- Opening Delimiter -

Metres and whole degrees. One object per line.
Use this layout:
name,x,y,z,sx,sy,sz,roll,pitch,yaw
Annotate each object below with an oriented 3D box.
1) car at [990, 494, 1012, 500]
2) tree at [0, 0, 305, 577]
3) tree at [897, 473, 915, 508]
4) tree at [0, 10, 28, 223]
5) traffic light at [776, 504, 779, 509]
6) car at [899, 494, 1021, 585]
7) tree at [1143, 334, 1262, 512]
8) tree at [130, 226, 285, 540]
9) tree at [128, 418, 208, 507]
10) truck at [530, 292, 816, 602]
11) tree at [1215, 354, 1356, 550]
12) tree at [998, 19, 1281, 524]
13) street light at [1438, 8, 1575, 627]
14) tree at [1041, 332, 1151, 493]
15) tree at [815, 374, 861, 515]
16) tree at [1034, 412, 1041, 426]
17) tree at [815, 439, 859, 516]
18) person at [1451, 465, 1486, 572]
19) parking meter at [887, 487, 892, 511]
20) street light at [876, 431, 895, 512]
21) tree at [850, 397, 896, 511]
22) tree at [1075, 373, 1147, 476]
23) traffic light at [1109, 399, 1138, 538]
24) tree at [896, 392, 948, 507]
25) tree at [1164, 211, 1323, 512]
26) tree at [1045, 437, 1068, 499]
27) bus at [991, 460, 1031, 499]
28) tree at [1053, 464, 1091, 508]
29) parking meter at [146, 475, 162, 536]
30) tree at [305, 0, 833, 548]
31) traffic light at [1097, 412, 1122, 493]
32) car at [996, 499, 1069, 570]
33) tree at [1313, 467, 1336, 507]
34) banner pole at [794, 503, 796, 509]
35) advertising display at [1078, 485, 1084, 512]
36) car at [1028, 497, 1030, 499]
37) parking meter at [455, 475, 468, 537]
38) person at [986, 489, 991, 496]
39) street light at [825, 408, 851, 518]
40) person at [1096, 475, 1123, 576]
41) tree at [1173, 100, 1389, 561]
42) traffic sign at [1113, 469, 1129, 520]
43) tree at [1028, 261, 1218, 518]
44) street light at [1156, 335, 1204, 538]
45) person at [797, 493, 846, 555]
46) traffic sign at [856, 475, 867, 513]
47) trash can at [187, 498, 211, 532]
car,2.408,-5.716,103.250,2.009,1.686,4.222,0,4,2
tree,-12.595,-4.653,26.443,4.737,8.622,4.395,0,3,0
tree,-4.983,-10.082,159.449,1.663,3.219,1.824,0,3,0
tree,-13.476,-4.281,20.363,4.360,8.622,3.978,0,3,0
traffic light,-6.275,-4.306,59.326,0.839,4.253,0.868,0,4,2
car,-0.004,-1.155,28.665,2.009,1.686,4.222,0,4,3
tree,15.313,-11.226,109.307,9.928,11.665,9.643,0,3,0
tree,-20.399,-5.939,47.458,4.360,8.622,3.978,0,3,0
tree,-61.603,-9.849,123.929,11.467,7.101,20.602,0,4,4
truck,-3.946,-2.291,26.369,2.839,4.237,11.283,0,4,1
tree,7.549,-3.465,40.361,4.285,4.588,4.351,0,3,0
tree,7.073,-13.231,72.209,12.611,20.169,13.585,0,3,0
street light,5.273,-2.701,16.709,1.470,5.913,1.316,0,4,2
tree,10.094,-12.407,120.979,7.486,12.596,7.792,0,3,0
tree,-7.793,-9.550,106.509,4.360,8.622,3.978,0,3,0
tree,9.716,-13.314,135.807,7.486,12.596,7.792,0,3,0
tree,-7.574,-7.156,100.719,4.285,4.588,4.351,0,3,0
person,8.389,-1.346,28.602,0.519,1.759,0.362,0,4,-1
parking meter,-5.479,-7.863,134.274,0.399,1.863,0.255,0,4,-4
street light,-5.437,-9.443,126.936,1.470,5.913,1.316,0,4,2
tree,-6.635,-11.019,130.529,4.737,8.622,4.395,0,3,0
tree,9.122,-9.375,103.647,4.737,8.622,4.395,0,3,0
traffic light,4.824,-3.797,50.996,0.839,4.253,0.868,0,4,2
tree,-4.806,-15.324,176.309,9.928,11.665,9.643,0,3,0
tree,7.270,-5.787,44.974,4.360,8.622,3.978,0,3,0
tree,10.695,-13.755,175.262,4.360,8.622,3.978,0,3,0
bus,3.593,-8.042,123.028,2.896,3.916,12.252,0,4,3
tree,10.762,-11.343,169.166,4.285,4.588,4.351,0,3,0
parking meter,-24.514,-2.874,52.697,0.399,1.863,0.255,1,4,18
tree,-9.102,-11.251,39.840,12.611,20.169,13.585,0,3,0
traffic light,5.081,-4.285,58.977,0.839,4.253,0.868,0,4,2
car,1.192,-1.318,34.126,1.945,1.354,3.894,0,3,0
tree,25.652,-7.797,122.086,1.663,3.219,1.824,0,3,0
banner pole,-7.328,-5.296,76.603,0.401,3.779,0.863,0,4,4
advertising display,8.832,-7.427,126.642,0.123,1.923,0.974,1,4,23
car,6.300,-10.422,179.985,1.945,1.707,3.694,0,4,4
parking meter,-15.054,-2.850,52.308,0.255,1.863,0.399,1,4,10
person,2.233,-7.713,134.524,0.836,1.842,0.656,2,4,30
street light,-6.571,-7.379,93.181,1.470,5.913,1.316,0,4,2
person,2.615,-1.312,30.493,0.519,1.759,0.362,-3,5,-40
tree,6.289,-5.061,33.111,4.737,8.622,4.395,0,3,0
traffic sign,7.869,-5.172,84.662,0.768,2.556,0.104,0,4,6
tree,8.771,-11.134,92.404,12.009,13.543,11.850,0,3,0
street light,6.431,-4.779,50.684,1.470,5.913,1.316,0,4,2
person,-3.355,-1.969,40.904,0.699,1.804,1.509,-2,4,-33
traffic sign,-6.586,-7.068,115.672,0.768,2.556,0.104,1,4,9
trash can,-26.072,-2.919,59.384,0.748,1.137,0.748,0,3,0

- Closing Delimiter -
- Opening Delimiter -

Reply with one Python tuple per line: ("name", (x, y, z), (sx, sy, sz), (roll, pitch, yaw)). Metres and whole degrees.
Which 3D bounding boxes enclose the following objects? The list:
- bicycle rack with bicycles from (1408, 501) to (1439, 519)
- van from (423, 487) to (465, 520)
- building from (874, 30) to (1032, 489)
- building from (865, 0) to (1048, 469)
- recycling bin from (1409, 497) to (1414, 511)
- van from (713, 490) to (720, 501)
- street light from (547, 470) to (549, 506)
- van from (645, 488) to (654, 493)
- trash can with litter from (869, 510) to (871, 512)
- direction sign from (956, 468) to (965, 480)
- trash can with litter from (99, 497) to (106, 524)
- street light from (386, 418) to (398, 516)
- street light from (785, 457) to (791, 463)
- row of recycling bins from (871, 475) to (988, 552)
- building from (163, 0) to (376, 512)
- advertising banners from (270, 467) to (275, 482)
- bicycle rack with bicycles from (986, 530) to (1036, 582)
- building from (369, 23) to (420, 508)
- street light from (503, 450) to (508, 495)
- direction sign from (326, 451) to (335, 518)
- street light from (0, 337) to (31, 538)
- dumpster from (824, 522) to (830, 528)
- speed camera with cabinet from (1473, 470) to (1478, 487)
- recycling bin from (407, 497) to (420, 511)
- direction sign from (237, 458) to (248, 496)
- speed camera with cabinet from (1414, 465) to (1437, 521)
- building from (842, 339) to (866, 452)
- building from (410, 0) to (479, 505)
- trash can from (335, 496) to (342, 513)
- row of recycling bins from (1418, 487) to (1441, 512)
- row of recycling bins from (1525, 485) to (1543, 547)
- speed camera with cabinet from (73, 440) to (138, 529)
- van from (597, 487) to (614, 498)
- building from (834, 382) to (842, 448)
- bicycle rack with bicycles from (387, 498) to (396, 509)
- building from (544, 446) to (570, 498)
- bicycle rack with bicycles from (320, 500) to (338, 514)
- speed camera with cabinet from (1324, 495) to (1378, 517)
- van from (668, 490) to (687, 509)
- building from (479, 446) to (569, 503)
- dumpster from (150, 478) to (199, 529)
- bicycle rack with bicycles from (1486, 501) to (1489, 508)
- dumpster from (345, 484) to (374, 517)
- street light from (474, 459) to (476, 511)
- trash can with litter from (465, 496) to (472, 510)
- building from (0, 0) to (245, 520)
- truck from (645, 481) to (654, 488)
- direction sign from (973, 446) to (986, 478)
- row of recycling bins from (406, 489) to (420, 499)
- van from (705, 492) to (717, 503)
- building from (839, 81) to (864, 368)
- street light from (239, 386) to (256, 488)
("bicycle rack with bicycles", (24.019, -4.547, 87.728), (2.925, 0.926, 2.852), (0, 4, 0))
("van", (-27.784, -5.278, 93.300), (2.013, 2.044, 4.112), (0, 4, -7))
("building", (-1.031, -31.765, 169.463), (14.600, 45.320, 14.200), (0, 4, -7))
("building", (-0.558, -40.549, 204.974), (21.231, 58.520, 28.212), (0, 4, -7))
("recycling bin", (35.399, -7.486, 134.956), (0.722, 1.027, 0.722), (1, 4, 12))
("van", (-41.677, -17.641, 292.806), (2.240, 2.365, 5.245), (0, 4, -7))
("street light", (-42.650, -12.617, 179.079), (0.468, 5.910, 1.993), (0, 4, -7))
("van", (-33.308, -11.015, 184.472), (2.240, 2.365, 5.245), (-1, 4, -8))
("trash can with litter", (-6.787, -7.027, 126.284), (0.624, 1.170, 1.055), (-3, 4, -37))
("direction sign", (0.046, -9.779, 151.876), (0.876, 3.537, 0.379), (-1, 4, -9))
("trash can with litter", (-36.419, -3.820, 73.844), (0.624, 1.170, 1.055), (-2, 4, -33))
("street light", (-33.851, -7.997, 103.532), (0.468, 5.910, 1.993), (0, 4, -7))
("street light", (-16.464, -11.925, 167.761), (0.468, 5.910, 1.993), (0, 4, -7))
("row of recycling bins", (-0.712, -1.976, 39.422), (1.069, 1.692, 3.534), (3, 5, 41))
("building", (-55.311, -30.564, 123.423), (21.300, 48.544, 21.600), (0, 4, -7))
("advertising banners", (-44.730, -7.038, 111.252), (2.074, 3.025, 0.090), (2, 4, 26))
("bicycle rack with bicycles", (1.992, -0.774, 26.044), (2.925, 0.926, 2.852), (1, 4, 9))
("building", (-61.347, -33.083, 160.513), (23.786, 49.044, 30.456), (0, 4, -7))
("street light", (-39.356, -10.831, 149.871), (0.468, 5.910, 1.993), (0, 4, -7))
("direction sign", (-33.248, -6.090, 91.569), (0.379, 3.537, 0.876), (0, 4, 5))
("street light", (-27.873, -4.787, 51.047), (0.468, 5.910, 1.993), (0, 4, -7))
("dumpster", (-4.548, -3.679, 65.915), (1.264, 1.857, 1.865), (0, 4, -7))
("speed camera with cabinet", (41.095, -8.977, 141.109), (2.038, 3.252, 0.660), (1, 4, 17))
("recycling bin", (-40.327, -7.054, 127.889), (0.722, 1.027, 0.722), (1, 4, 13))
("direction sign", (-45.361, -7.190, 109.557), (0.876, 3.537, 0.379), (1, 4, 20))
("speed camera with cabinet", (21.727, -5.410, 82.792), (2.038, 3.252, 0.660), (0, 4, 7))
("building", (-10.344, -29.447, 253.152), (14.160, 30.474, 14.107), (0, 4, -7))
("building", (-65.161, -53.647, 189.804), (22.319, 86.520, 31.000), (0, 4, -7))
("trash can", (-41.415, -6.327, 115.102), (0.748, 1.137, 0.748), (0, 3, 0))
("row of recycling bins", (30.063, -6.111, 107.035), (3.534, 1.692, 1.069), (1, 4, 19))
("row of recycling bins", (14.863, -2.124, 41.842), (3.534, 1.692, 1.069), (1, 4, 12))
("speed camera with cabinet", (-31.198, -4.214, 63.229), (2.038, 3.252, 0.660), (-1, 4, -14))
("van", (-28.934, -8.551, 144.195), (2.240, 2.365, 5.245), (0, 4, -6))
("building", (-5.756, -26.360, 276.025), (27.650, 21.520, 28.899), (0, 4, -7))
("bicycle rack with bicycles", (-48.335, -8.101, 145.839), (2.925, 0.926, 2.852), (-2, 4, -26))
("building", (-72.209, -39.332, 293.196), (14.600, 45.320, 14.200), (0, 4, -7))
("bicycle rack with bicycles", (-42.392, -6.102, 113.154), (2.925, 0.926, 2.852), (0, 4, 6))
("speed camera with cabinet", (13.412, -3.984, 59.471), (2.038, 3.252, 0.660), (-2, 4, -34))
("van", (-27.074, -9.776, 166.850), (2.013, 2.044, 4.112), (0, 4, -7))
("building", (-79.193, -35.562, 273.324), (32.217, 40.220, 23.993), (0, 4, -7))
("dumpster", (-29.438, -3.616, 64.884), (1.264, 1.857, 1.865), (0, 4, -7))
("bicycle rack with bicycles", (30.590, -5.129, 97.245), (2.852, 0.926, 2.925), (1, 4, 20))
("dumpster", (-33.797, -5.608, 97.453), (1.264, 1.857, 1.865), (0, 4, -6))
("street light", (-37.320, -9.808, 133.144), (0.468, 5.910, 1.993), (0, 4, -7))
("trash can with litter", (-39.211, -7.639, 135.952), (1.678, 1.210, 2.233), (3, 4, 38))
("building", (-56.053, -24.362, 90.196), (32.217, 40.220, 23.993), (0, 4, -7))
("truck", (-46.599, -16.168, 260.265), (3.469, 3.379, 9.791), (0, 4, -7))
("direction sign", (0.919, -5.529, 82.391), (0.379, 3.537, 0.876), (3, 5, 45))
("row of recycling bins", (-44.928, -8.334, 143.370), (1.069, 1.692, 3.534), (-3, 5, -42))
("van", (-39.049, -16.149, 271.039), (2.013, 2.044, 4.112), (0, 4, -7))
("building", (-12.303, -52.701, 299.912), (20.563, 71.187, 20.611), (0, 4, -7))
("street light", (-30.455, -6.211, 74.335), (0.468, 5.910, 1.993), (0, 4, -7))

- Closing Delimiter -

- [What you are asked to do]: Restate word for word the lines of the data above, starting at the line containing "13) street light at [1438, 8, 1575, 627]" and ending at the line containing "28) tree at [1053, 464, 1091, 508]", both included, and nothing more.

- [Answer to this problem]:
13) street light at [1438, 8, 1575, 627]
14) tree at [1041, 332, 1151, 493]
15) tree at [815, 374, 861, 515]
16) tree at [1034, 412, 1041, 426]
17) tree at [815, 439, 859, 516]
18) person at [1451, 465, 1486, 572]
19) parking meter at [887, 487, 892, 511]
20) street light at [876, 431, 895, 512]
21) tree at [850, 397, 896, 511]
22) tree at [1075, 373, 1147, 476]
23) traffic light at [1109, 399, 1138, 538]
24) tree at [896, 392, 948, 507]
25) tree at [1164, 211, 1323, 512]
26) tree at [1045, 437, 1068, 499]
27) bus at [991, 460, 1031, 499]
28) tree at [1053, 464, 1091, 508]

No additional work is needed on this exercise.